Out front is the Imperial Priestess, blessed among us, who speaks only through the songs. Naturally. And even then, cryptically. Behind her is Inverted Crucifox and Search & Destroy, on guitars, Jaytanic Ritual on bass and (the) River Styx on – you guessed it – drums. (What do you mean those names aren’t real? How very dare you! I’ll have you know their individual pedigrees include the likes of Frenzal Rhomb, Nancy Vandal, The Tenants and, Musk. Yes, Musk. No one accused them of making shit up did they?)

You want to know more don’t you? Admit it. How could you not want to know more? If only to work out whether to run and hide or cry “come to daddy!” to the Sydney quintet. (Meanwhile, if some of you Friday Night Lights fans are wondering if this has anything to do with the late, lamented Crucifictorius, the finest speed metal punk and other bits band ever not to really emerge from the Texan town of Denton, the answer is no, Landry Clarke, or his lesser talented alter ego, Jesse Plemons, have nothing to do with this crew.)

So, even before you get to the music, the name itself is the perfect balance of ridiculous, powerful, brilliant, futuristic, stupid and historical that you want in a rock band’s moniker. Almost too much. Almost.

“One of the reasons the name is so long and specific is to not get confused with other bands,” says band spokesman and principal songwriter, Inverted Crucifox, who for reasons of brevity if nothing else, allows me to call him merely Fox. (Yes, Court Jester fans, as in “you’ll never outfox the Fox”.)

Well, you wouldn’t want someone turning up thinking that you get The Neptunes and wondering ‘where’s Pharrell’ would you? “Though there was a review of us once as the New Power Generation.” Ah, you gotta know, Prince would have loved that.

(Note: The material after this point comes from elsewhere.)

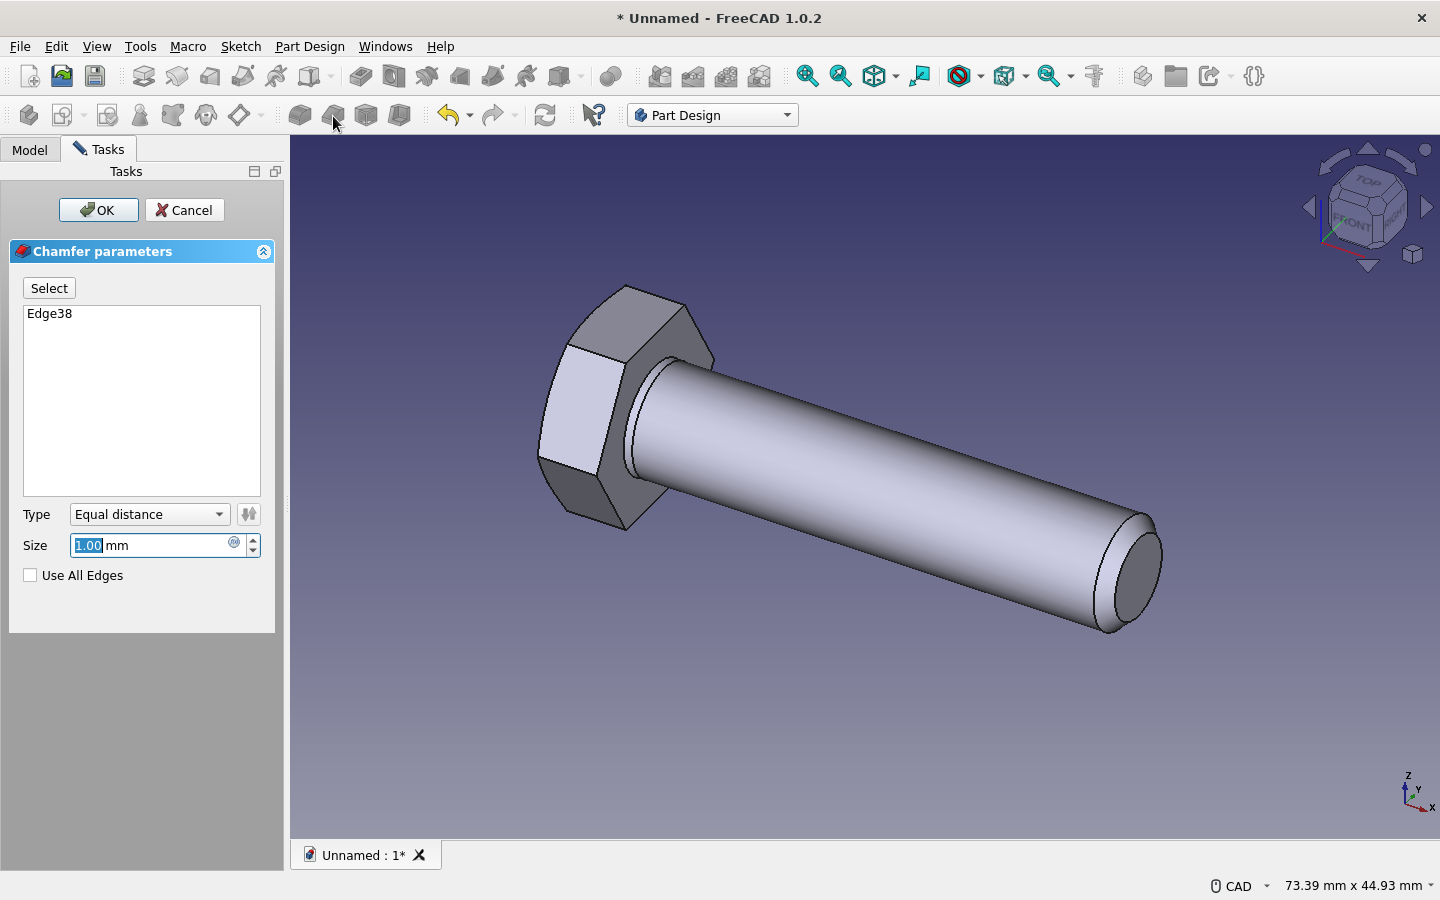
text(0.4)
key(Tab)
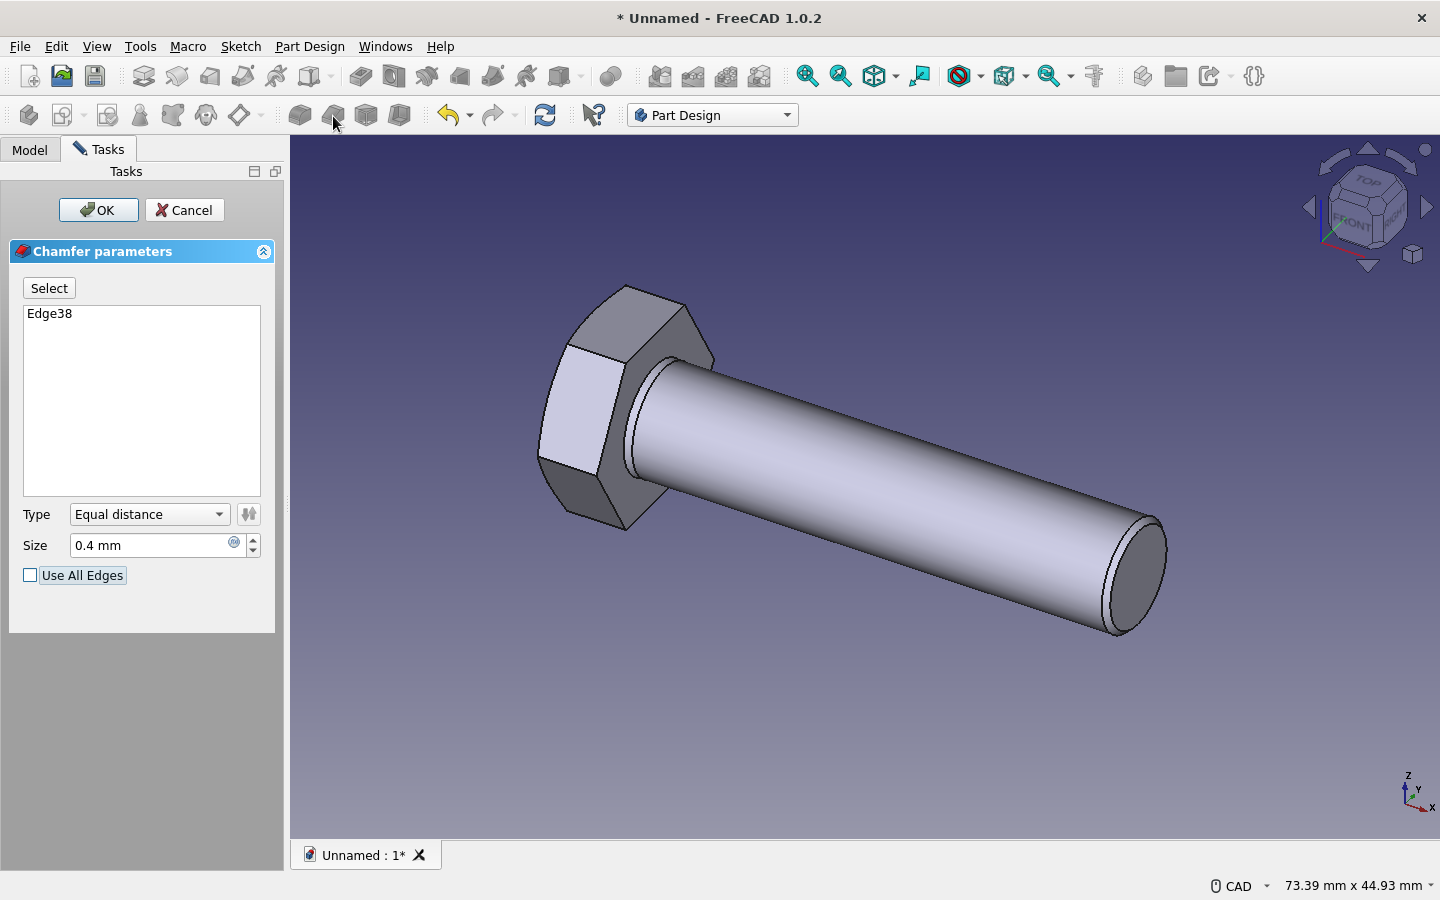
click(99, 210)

If it wasn’t already clear, there is so much fun to be had with this album, with this band. Ten years in, five albums to the good, enough mythology to sink a couple of dragons, a dedicated fan base in Germany (“We’re still wondering why that is,” says Fox.) and local support that crosses from hardcore metal to softcore music journalists.

“Metal is a funny tag for us, I think,” says Fox. “I see it, obviously, but if there weren’t so many metal magazines, and people who are akin, into the band, I probably would distance myself from it.”

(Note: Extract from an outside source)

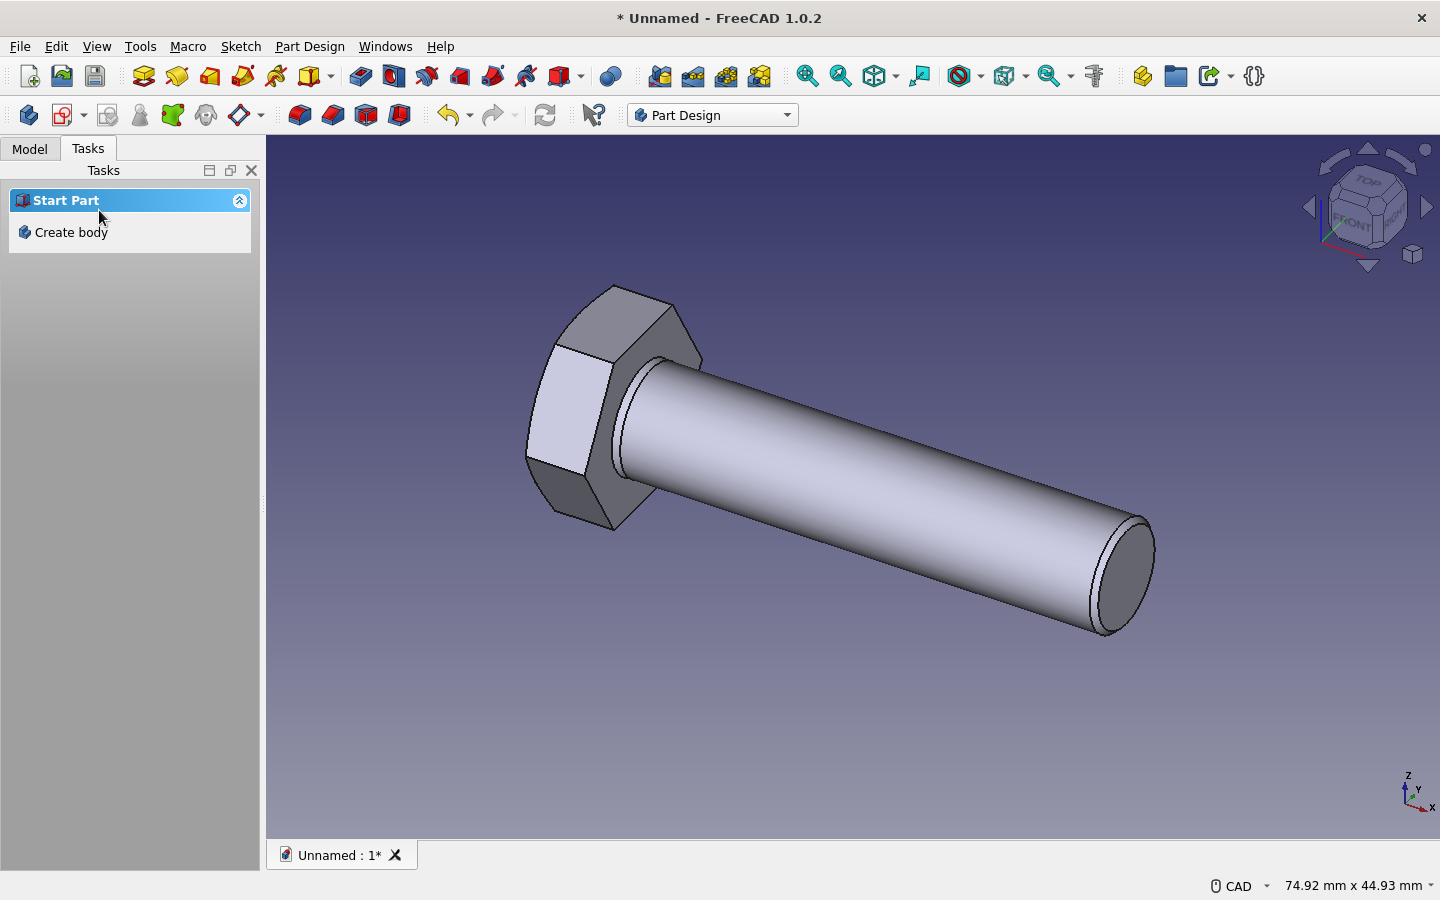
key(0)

Metal isn’t what they do, but metal is certainly in the mix. How do you describe a band that has rock, glam, hard rock, metal, garage rock, psychedelia, and pop? Especially that not so secret ingredient, pop. There are riffs galore, but there’s also rhythm and melody, and that’s what may tip some waverers over the line into fandom.

“That is where we start everything, though we do try to hide it from some of the more hard-core metal enthusiasts: they all start as pop songs. They are very conscious of melody and the classic pop structure, then we add on all the more gnarly bits to that framework,” Fox explains. “One reviewer I talked to the other day described us as the heavy metal Abba. Which I guess is what you’re saying in a way.”

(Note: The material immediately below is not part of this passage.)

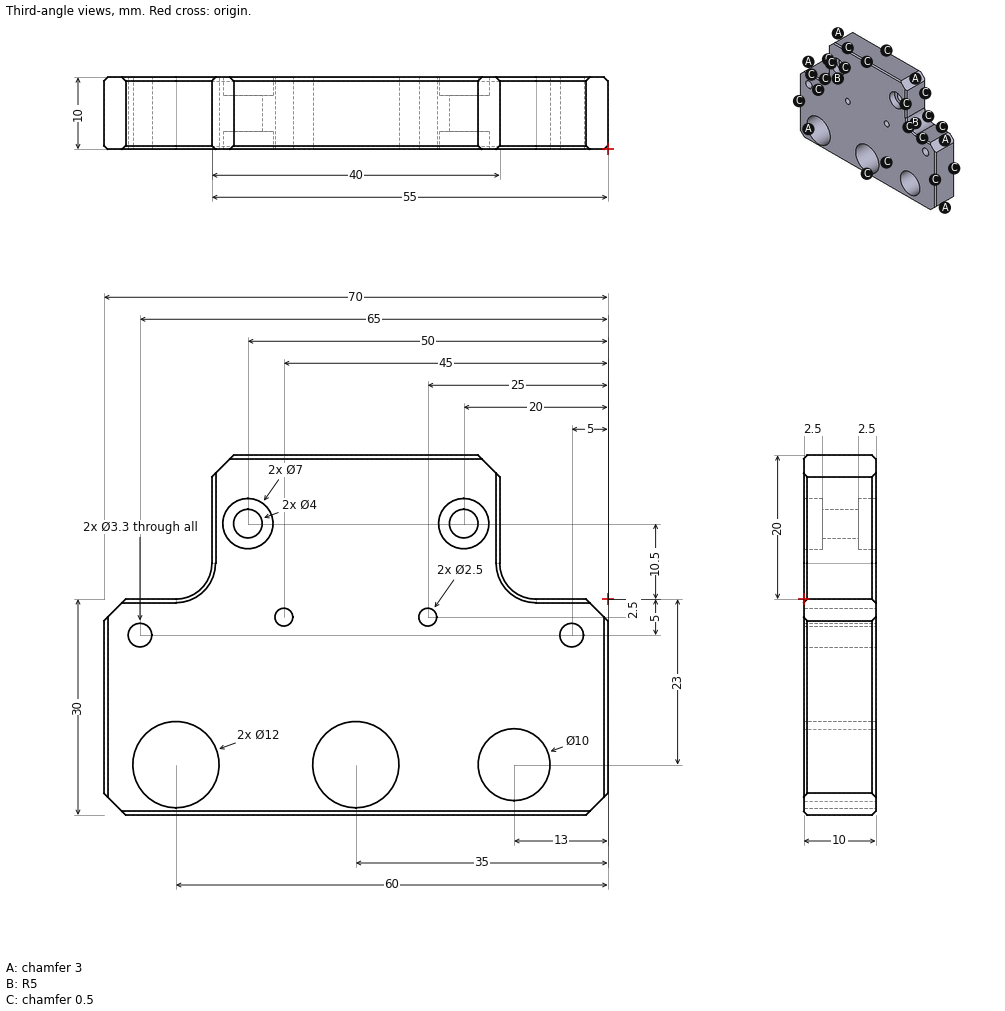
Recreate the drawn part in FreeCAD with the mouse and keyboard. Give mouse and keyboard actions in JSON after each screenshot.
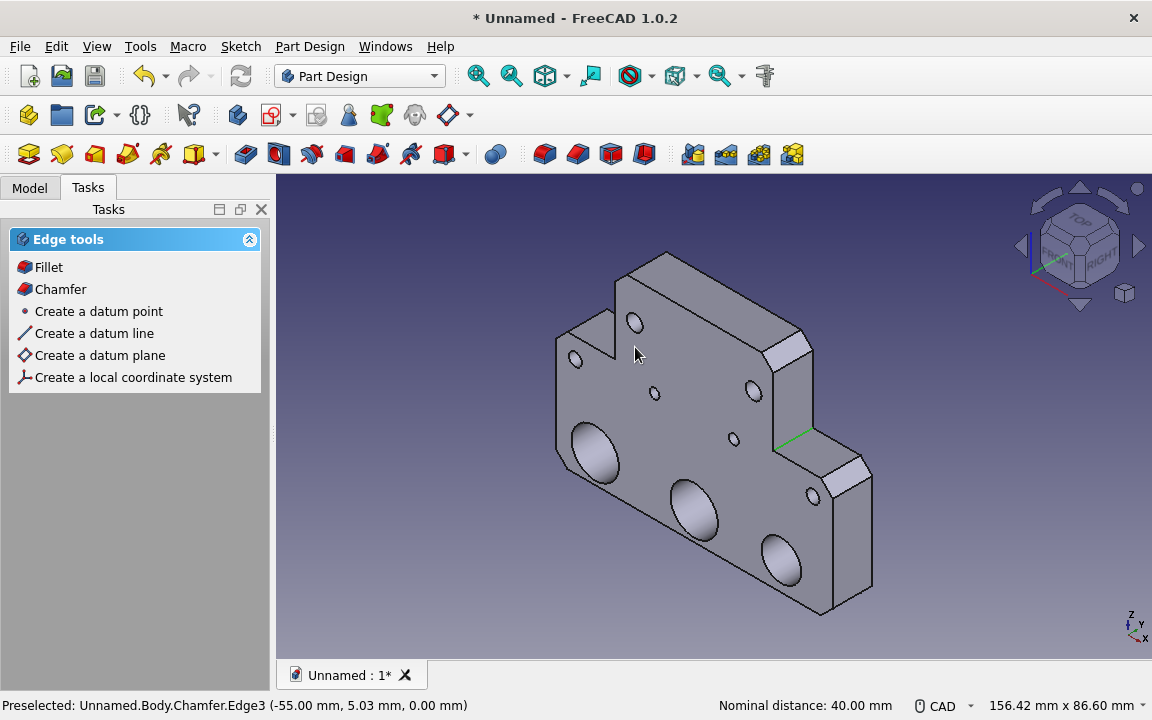
{"action": "left_click", "coordinate": [545, 154]}

Hmm, heavy metal Abba might be pushing it. Still, they’ve got the tunes, they’ve got the power, and they’ve got rhythm – the kind of things that would be the basis of any half decent band. On top of this basic set is the willingness, the outright enthusiasm to “make show” - as legend has it, the exhortation by a Hamburg bar owner to the young Beatles on their first trip to Germany.

The costuming of The Imperial Priestess, may She live forever, makes a Kylie Minogue concert or a Harry Styles video, look underdone. The flamboyance of Her performance would leave no mini Stonehenge untouched.

And, lest we forget, the final element: humour. Not piss taking out of the audience humour, but a finely honed sense of the ridiculous that balances their love of the form.

“Yeah, yeah, exactly. I’ve been listening to this YouTube podcast by Justin Hawkins from The Darkness, and he said something really interesting about how they get dismissed as a novelty band, or a comedy band, and he doesn’t really take that as an insult because he can see humour in all the music that he likes, from AC/DC to punk music to Queen. If you ignore all traces of humour, you are just left with really, really earnest stuff, and there’s a place for that, but there’s plenty of room for a sense of humour.”

Which may or may not bring us to the monarch of the headdress, the czarina of vocal power, the Imperial Priestess, glory to her future. Serious or not, Fox is wont to say things like “The Imperial Princess is the only one you really need to know” and “the rest of us are in the background; she is the star”. Modesty? Or knowing their place in the world?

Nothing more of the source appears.